Quantitative RT-PCR of late genes for flavonoid biosynthesis. 1: ‘2-241-1 MB’, 2: ‘2-241-1 MB variegated’. Error bars indicate ± SD for three biological replicates.

It has been suggested that ‘2-241-1 MB’ might have a defective bHLH (Dca31716) that up-regulated expression of the late genes. The results here, and presented by our group previously, indicate that the white flower phenotypes in carnations might be due to three possible mechanisms: disruption of the A gene encoding DFR activity (Itoh , Stich ); deficient F3H gene expression (Mato ); repression of bHLH resulting in reduced expression of the late genes involved in anthocyanin synthetic pathway.

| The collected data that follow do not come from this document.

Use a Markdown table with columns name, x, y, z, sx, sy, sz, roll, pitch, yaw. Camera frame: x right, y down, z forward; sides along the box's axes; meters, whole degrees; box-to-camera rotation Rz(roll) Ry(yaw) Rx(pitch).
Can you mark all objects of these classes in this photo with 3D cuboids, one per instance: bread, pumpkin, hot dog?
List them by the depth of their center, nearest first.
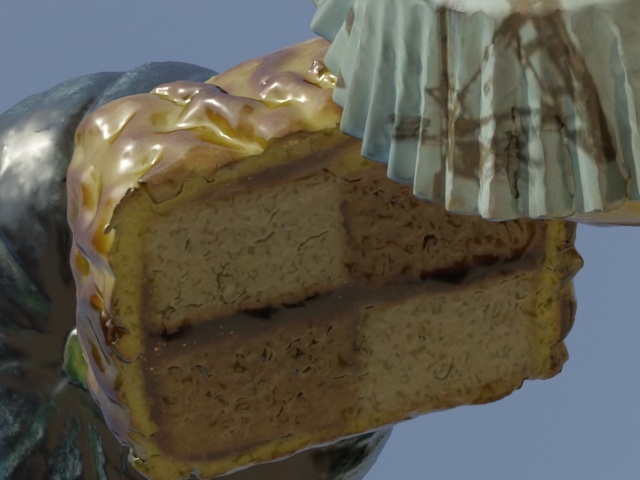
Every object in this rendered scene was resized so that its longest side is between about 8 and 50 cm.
| name | x | y | z | sx | sy | sz | roll | pitch | yaw |
| --- | --- | --- | --- | --- | --- | --- | --- | --- | --- |
| hot dog | 0.129 | -0.079 | 0.426 | 0.270 | 0.163 | 0.082 | -17 | -45 | -8 |
| bread | 0.000 | 0.000 | 0.775 | 0.222 | 0.096 | 0.181 | -15 | -57 | -11 |
| pumpkin | -0.110 | 0.052 | 1.257 | 0.266 | 0.363 | 0.363 | -33 | -56 | -65 |

Currently, we are investigating the effects of reduced bHLH gene expression using transgenic techniques for gene knock-downs and also performing complementation assays. If alteration of the nucleotide sequence of bHLH reduces its expression, then gene specific DNA marker(s) for bHLH could be developed and used to isolate and establish carnation cultivars with a stable and perfect white phenotype, without the possibility of red variegation.